Dal 1929 Benito veniva considerato – e si considerava – un grande capo destinato a passare alla storia, non solo in Italia. Aveva raggiunto il suo scopo. Ora doveva rendersi eterno. In gioventù era stato un attento lettore di Gustave Le Bon, studioso di psicologia delle folle, e aveva presente un suo aforisma: «Una credenza religiosa o politica si fonda sulla fede, ma senza i riti e i simboli la fede non potrebbe durare».

L’operazione che realizzò con il fascismo fu trasformare un’idea politica in una fede e sé stesso nel suo dio. Il duce possedeva davvero le doti fascinatorie esaltate in ogni modo dai suoi biografi del tempo e in più era già circondato da un alone gigantesco di miti. Benito era il fascismo il fascismo era la patria, quindi Mussolini era la patria e non poteva non diventare anche il modello dell’italiano: nel duce il popolo poteva e doveva adorare sé stesso. Quindi il suo carisma fu rafforzato e istituzionalizzato dalla propaganda, diventò il medium tra la fede delle masse e il futuro della nazione, una «missione storica» faceva di lui il profeta, l’eletto, l’unto di Dio.

Dove non arrivarono Mussolini e la propaganda, intervenne l'ego degli italiani. All’inizio degli anni Trenta il duce (anzi, il DUCE, come il segretario del partito Achille Starace impose che si scrivesse) aveva già assunto le caratteristiche di una divinità egizia e diventò il prodotto principale della fabbrica del consenso, per mutuare espressioni del nostro tempo: Mussolini veniva rappresentato «come la somma e la sintesi superiore d'ogni tipo di grandezza d'uomo e di pensiero e d'uomo d'azione mai apparsi in qualsiasi epoca: statista, legislatore, filosofo, scrittore, artista, genio universale ma anche profeta, messia, apostolo, maestro infallibile, inviato da Dio, eletto dal destino e portatore di destino», scrive Emilio Gentile in Il culto del littorio. I paragoni si sciupavano: erano continuamente messi al suo confronto Cesare e Cavour, Napoleone e Garibaldi, Machiavelli e Mazzini, persino Socrate e san Francesco.

Nella Scuola di mistica fascista, frequentata da giovani intelligenze, alcune non banali, veniva studiato nei dettagli ogni discorso o scritto mussoliniano. Non si trattò soltanto di un delirio collettivo o di una sottile quanto complessa strategia propagandistica.

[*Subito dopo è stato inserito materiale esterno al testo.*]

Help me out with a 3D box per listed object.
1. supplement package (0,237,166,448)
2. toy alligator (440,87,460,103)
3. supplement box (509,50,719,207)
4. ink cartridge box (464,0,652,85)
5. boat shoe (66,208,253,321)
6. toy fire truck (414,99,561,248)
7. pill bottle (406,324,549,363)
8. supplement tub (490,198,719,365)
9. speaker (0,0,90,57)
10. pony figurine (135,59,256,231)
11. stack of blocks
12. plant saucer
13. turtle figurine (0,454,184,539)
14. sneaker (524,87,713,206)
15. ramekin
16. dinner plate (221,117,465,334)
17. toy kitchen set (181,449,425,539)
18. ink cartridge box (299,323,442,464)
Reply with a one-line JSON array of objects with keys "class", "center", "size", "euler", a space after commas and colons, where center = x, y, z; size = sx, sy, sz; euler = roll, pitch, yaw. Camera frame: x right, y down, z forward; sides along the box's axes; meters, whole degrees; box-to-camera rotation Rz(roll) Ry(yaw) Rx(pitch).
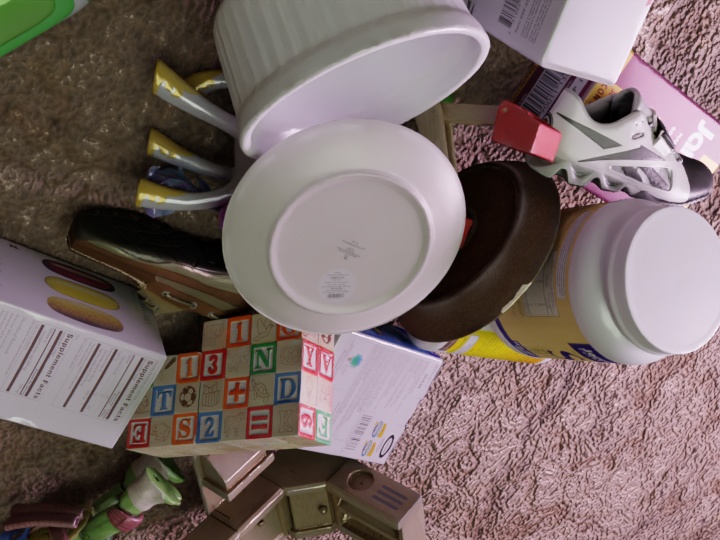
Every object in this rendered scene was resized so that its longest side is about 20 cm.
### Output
[{"class": "supplement package", "center": [-0.289, 0.058, 0.840], "size": [0.198, 0.114, 0.110], "euler": [24, 109, -33]}, {"class": "toy alligator", "center": [0.069, -0.162, 0.896], "size": [0.059, 0.054, 0.202], "euler": [-23, 125, -8]}, {"class": "supplement box", "center": [0.257, -0.140, 0.959], "size": [0.198, 0.103, 0.132], "euler": [24, 107, -33]}, {"class": "ink cartridge box", "center": [0.154, -0.261, 0.785], "size": [0.083, 0.200, 0.146], "euler": [8, 116, -30]}, {"class": "boat shoe", "center": [-0.176, 0.006, 0.882], "size": [0.198, 0.076, 0.074], "euler": [20, 113, -30]}, {"class": "toy fire truck", "center": [0.067, -0.098, 0.861], "size": [0.048, 0.199, 0.143], "euler": [5, 108, -54]}, {"class": "pill bottle", "center": [0.150, 0.040, 1.017], "size": [0.197, 0.109, 0.110], "euler": [10, 115, -27]}, {"class": "supplement tub", "center": [0.219, 0.011, 0.880], "size": [0.143, 0.199, 0.148], "euler": [1, 88, -27]}, {"class": "speaker", "center": [-0.295, -0.194, 0.705], "size": [0.198, 0.089, 0.089], "euler": [-31, 126, -3]}, {"class": "pony figurine", "center": [-0.090, -0.080, 0.835], "size": [0.197, 0.167, 0.196], "euler": [10, 108, -11]}, {"class": "stack of blocks", "center": [-0.124, 0.109, 0.900], "size": [0.198, 0.117, 0.058], "euler": [-10, 158, 27]}, {"class": "plant saucer", "center": [0.097, -0.028, 0.899], "size": [0.200, 0.201, 0.034], "euler": [-47, 122, 9]}, {"class": "turtle figurine", "center": [-0.252, 0.292, 0.981], "size": [0.194, 0.200, 0.144], "euler": [-42, 160, 1]}, {"class": "sneaker", "center": [0.252, -0.115, 0.862], "size": [0.197, 0.074, 0.089], "euler": [7, 118, -25]}, {"class": "ramekin", "center": [-0.013, -0.168, 0.710], "size": [0.198, 0.201, 0.099], "euler": [-21, 81, -10]}, {"class": "dinner plate", "center": [-0.010, -0.024, 0.752], "size": [0.197, 0.024, 0.202], "euler": [-6, 127, -8]}, {"class": "toy kitchen set", "center": [-0.065, 0.250, 0.965], "size": [0.200, 0.179, 0.165], "euler": [-39, 136, -37]}, {"class": "ink cartridge box", "center": [-0.005, 0.121, 0.996], "size": [0.199, 0.076, 0.138], "euler": [22, 101, -45]}]
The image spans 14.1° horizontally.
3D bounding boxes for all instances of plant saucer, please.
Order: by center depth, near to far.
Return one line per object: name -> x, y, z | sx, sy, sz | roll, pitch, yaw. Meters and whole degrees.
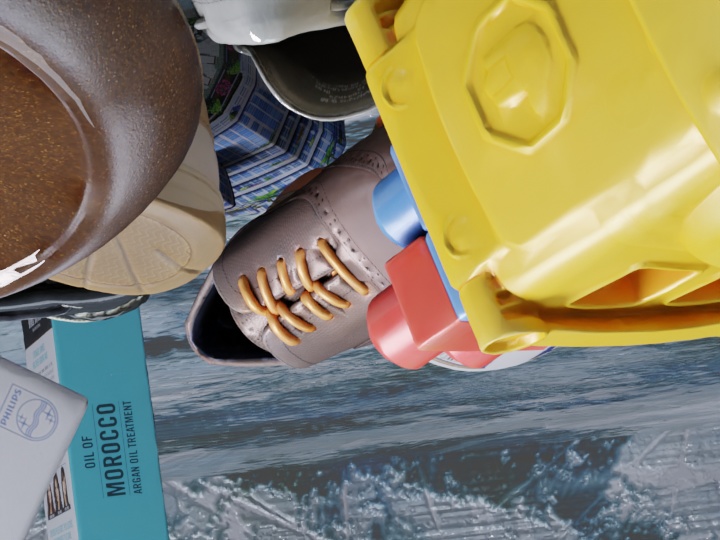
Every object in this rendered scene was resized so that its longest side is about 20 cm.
plant saucer -> -0.142, -0.041, 0.772 | 0.200, 0.032, 0.200 | 1, 147, 1

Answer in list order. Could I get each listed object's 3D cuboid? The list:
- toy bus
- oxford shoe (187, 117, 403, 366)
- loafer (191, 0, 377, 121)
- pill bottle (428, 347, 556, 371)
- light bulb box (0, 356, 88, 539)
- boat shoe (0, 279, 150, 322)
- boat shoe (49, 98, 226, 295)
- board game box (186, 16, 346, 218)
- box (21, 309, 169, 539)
toy bus -> 0.093, -0.038, 0.762 | 0.200, 0.136, 0.192 | -2, 150, -45
oxford shoe -> 0.000, 0.000, 0.935 | 0.073, 0.071, 0.200 | -38, -177, -22
loafer -> -0.011, -0.075, 0.818 | 0.070, 0.070, 0.200 | -9, 172, 14
pill bottle -> 0.058, -0.029, 1.059 | 0.111, 0.111, 0.200 | -6, 172, -9
light bulb box -> -0.220, 0.060, 1.047 | 0.200, 0.125, 0.198 | 26, 172, -9
boat shoe -> -0.151, -0.024, 0.892 | 0.199, 0.075, 0.066 | 21, 178, -20
boat shoe -> -0.129, -0.055, 0.840 | 0.200, 0.069, 0.074 | 23, 141, -29
board game box -> -0.120, -0.037, 1.018 | 0.200, 0.062, 0.200 | -9, 173, 12
box -> -0.136, 0.107, 1.522 | 0.049, 0.201, 0.082 | -5, 172, -18
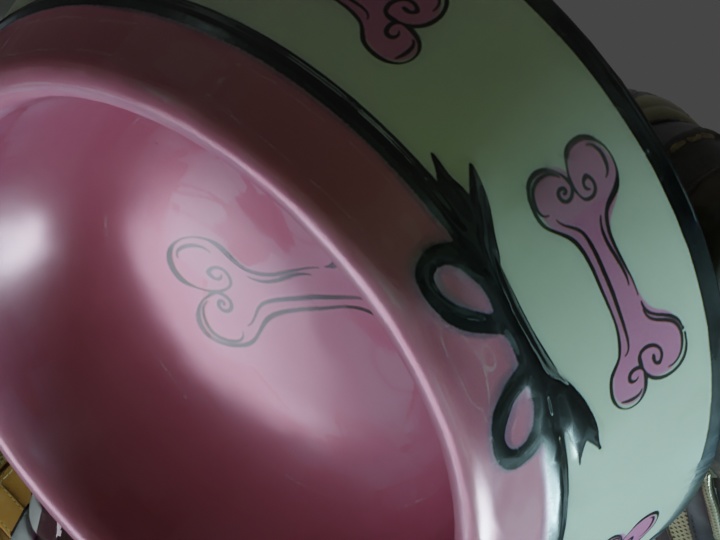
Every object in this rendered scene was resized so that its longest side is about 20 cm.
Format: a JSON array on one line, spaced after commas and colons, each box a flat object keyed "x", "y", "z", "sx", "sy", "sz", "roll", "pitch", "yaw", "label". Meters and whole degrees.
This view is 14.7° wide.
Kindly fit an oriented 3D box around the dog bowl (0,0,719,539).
[{"x": -0.020, "y": 0.008, "z": 0.636, "sx": 0.200, "sy": 0.074, "sz": 0.201, "roll": 27, "pitch": 139, "yaw": 26, "label": "dog bowl"}]

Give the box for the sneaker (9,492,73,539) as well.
[{"x": -0.043, "y": 0.079, "z": 0.789, "sx": 0.116, "sy": 0.075, "sz": 0.200, "roll": 49, "pitch": 142, "yaw": 31, "label": "sneaker"}]

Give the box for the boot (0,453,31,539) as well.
[{"x": -0.115, "y": 0.097, "z": 1.154, "sx": 0.200, "sy": 0.155, "sz": 0.077, "roll": 42, "pitch": 158, "yaw": -7, "label": "boot"}]

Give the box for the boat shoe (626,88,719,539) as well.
[{"x": 0.102, "y": 0.043, "z": 0.674, "sx": 0.073, "sy": 0.075, "sz": 0.200, "roll": 29, "pitch": 163, "yaw": 48, "label": "boat shoe"}]

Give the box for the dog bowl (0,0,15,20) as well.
[{"x": -0.112, "y": -0.087, "z": 0.944, "sx": 0.200, "sy": 0.059, "sz": 0.200, "roll": 40, "pitch": 167, "yaw": 11, "label": "dog bowl"}]

La deificazione del duce era connaturata alla religiosità civile della maggioranza del popolo italiano, ancora impastata con forti elementi di superstizione. Benito rappresentava la miscela micidiale di patriottismo religioso e rivoluzione, ortodossia ai valori civili e sradicamento delle norme.

Non fu solo un’adulazione collettiva imposta dall’alto, come troppo e troppo a lungo sostenuto, e neppure soltanto una manifestazione dell’ingenuità e dell’ignoranza popolari. Il sentimento di adorazione verso Mussolini, che travalicava ogni propaganda per divenire coscienza individuale e stato d’animo collettivo, era genuino in molti – ignoti o illustri – che lo manifestarono.